Students must answer:
- Which source supports each answer?
- What should the system do when the policy is missing?
- Which answer is faithful, partially supported, or hallucinated?
- What controls are needed before deployment?
Native Python + tool testing requirement
Students must run the provided native Python RAG API, test supported and unsupported questions in Postman, import the n8n workflow to create an evaluation record, and optionally capture the API traffic in Wireshark. The lab is considered complete only when citation behavior, refusal behavior, and evaluation logs are demonstrated with real API responses.
Required student artifacts
- Policy mini-corpus with source IDs and metadata.
- Retrieval experiment or simulation showing top matched snippets.
- Answer template that includes citations and refusal behavior.
- Hallucination evaluation matrix with answerable, unanswerable, ambiguous, and adversarial prompts.
- Responsible deployment memo covering transparency, escalation, privacy, and human oversight.
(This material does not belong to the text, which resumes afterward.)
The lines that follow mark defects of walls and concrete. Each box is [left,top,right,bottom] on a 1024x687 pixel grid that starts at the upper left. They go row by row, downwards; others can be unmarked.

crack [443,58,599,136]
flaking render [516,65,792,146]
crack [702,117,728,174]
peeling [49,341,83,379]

- Demo script showing both a successful answer and a safe refusal.
Lab depth extension
For advanced classes, students implement a lightweight retrieval baseline using TF-IDF or embeddings. For non-coding classes, students simulate retrieval manually using the mini-corpus and focus on evaluation, governance, and risk control.
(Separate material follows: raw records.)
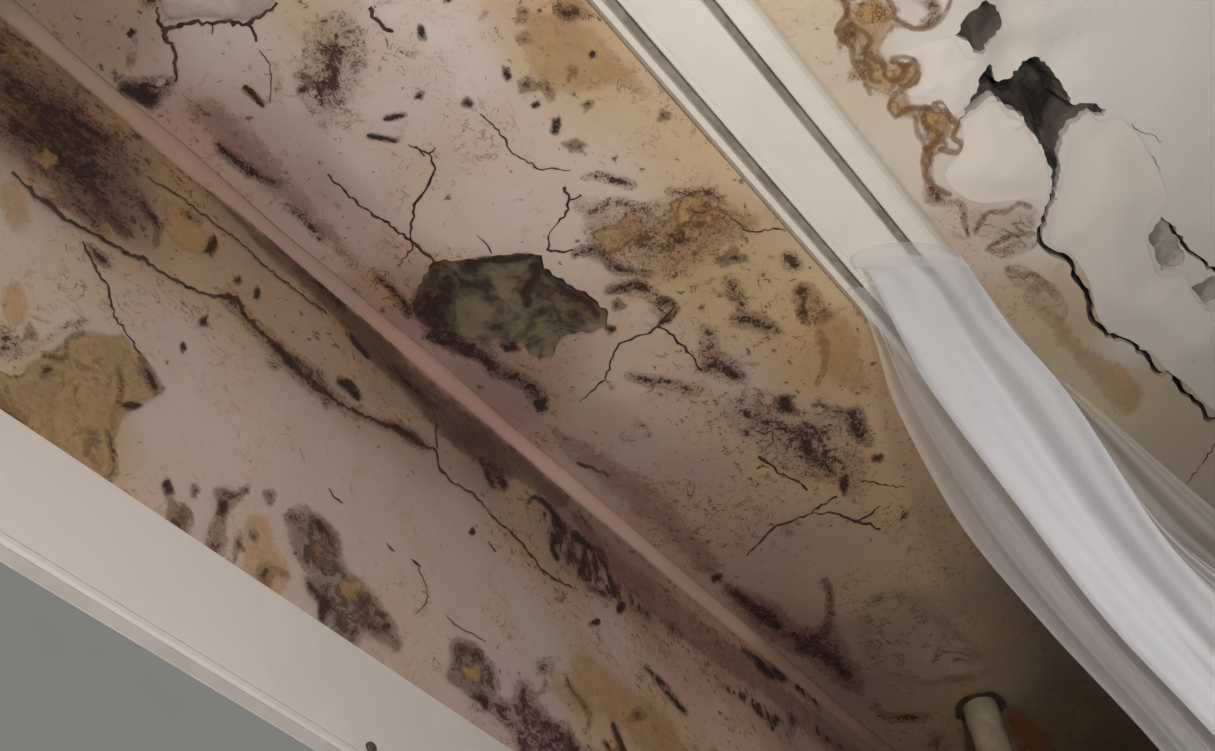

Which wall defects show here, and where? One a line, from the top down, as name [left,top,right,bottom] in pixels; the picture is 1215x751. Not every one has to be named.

flaking render [0,330,165,482]
crack [155,2,278,103]
crack [12,171,572,588]
crack [327,144,436,266]
leakage [204,192,651,618]
flaking render [413,253,608,360]
leakage [572,171,784,337]
leakage [625,323,883,504]
leakage [835,0,964,206]
hole [957,0,1002,51]
hole [970,56,1102,188]
crack [1037,189,1215,500]

Instructor facilitation notes
Do not let students treat a confident chatbot response as correct. Require source IDs and claim-by-claim validation. If an answer contains one unsupported sentence, it must be marked as a failure or partial failure.
Challenge questions:
- When should the assistant refuse instead of answer?
- What is the difference between intrinsic and extrinsic hallucination?
- How can citations create a false sense of trust?
- Which questions should be escalated to staff?
- What should the user transparency notice say?
Assessment emphasis
Strong submissions demonstrate retrieval traceability, rigorous evaluation, and responsible AI controls. Weak submissions only show a chatbot interface without proving that the answer is grounded.